Wavefunction branches demand a definition!

          @misc{ scivideos_PIRSA:25100162,
            doi = {10.48660/25100162},
            url = {https://pirsa.org/25100162},
            author = {Riedel, Jess},
            keywords = {Quantum Foundations},
            language = {en},
            title = {Wavefunction branches demand a definition!},
            publisher = {Perimeter Institute for Theoretical Physics},
            year = {2025},
            month = {oct},
            note = {PIRSA:25100162 see, \url{https://scivideos.org/index.php/pirsa/25100162}}
          }
          

Abstract

Under unitary evolution, a typical macroscopic quantum system is thought to develop wavefunction branches: a time-dependent decomposition into orthogonal components that (1) form a tree structure forward in time, (2) are approximate eigenstates of quasiclassical macroscopic observables, and (3) exhibit effective collapse of feasibly measurable observables. If they could be defined precisely, wavefunction branches would extend the theory of decoherence beyond the system-environment paradigm and could supplant anthropocentric measurement in the quantum axioms. Furthermore, when such branches have bounded entanglement and can be effectively identified numerically, sampling them would allow asymptotically efficient classical simulation of quantum systems. I consider a promising recent approach to formalizing branches on the lattice by Taylor & McCulloch [Quantum 9, 1670 (2025), arXiv:2308.04494], and compare it to prior work from Weingarten [Found.
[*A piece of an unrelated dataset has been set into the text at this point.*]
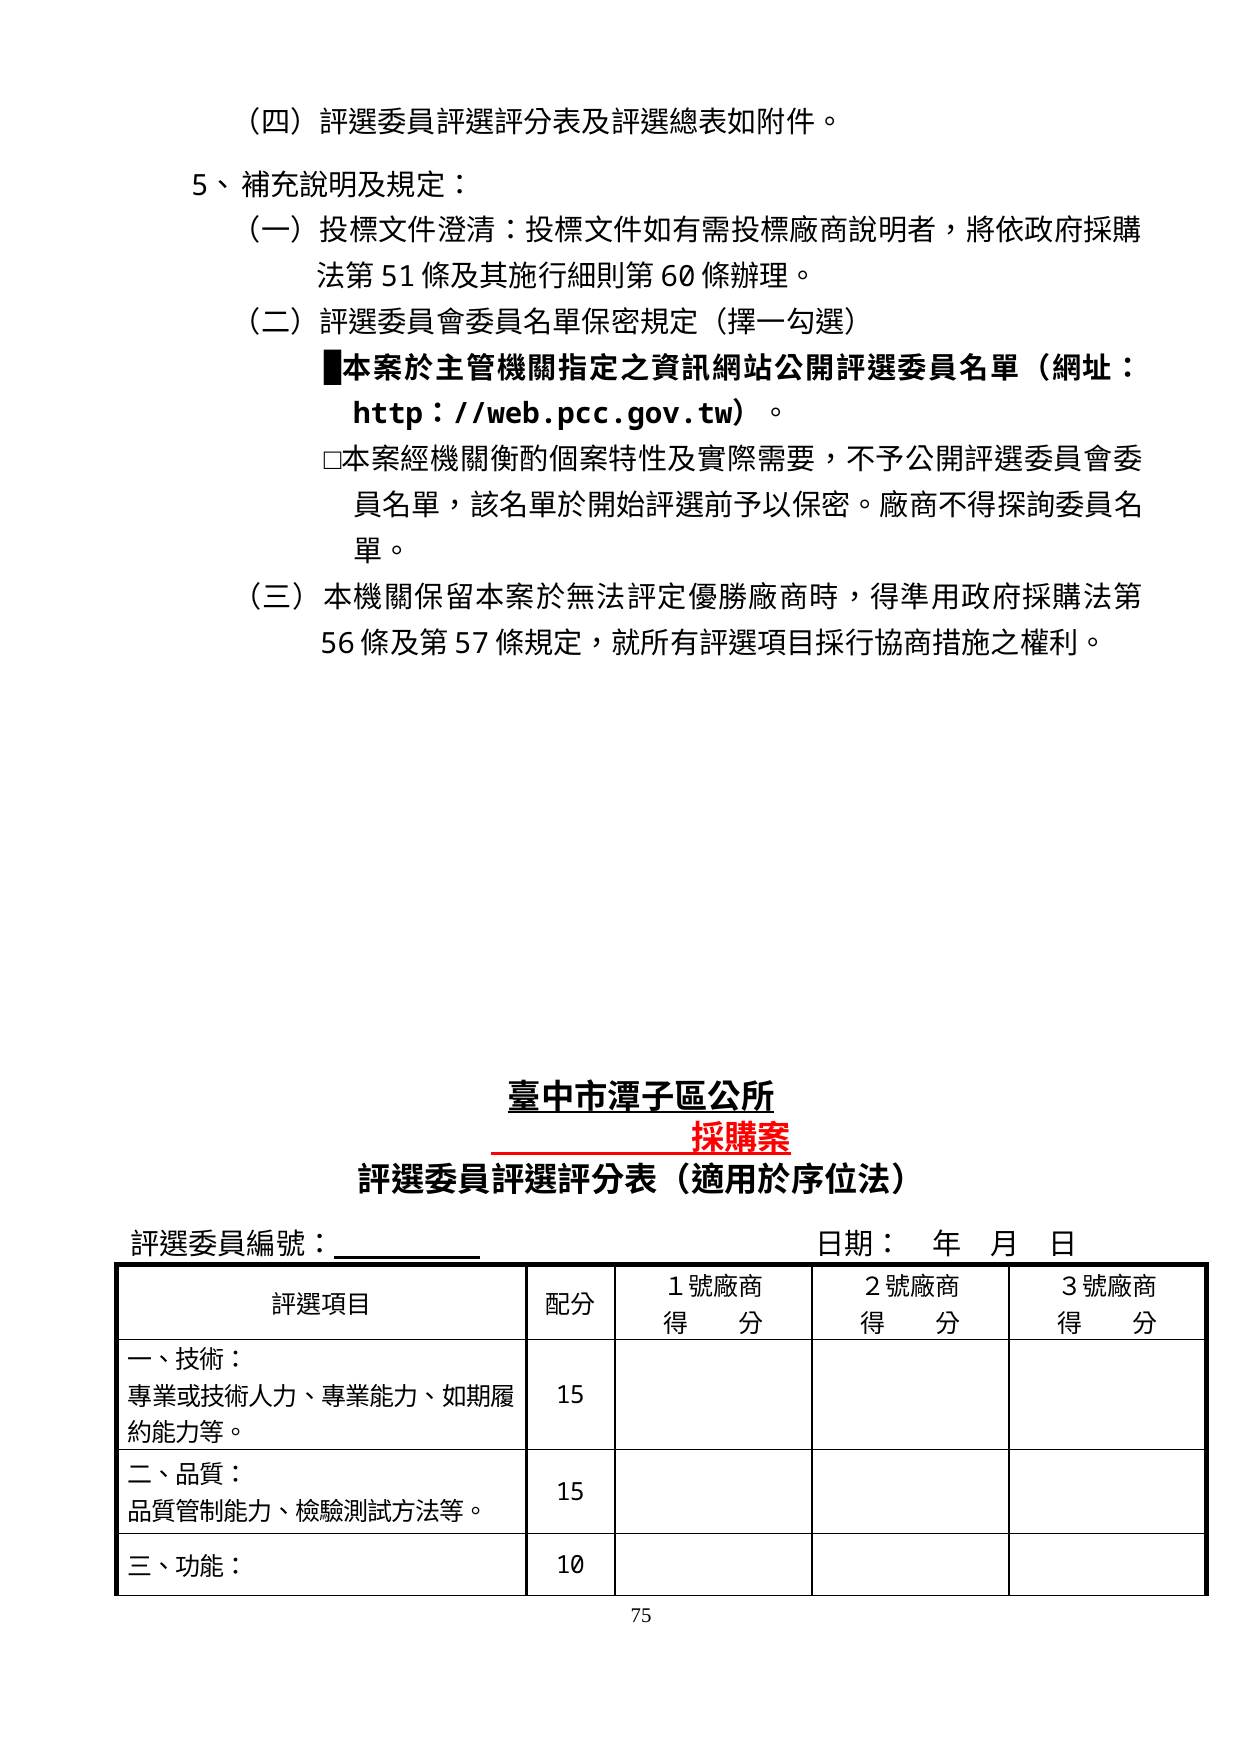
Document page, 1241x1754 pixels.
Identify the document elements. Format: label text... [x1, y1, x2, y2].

Phys. 52, 45 (2022), arXiv:2105.04545]. Both proposals are based on quantum complexity and argue that, once created, branches persist for long times due to the generic linear growth of state complexity. Taylor & McCulloch characterize branches by a large difference in the unitary complexity necessary to interfere vs. distinguish them. Weingarten takes branches as the components of the decomposition that minimizes a weighted sum of expected squared complexity and the Shannon entropy of squared norms. I discuss strengths and weaknesses of these approaches, and identify tractable open questions.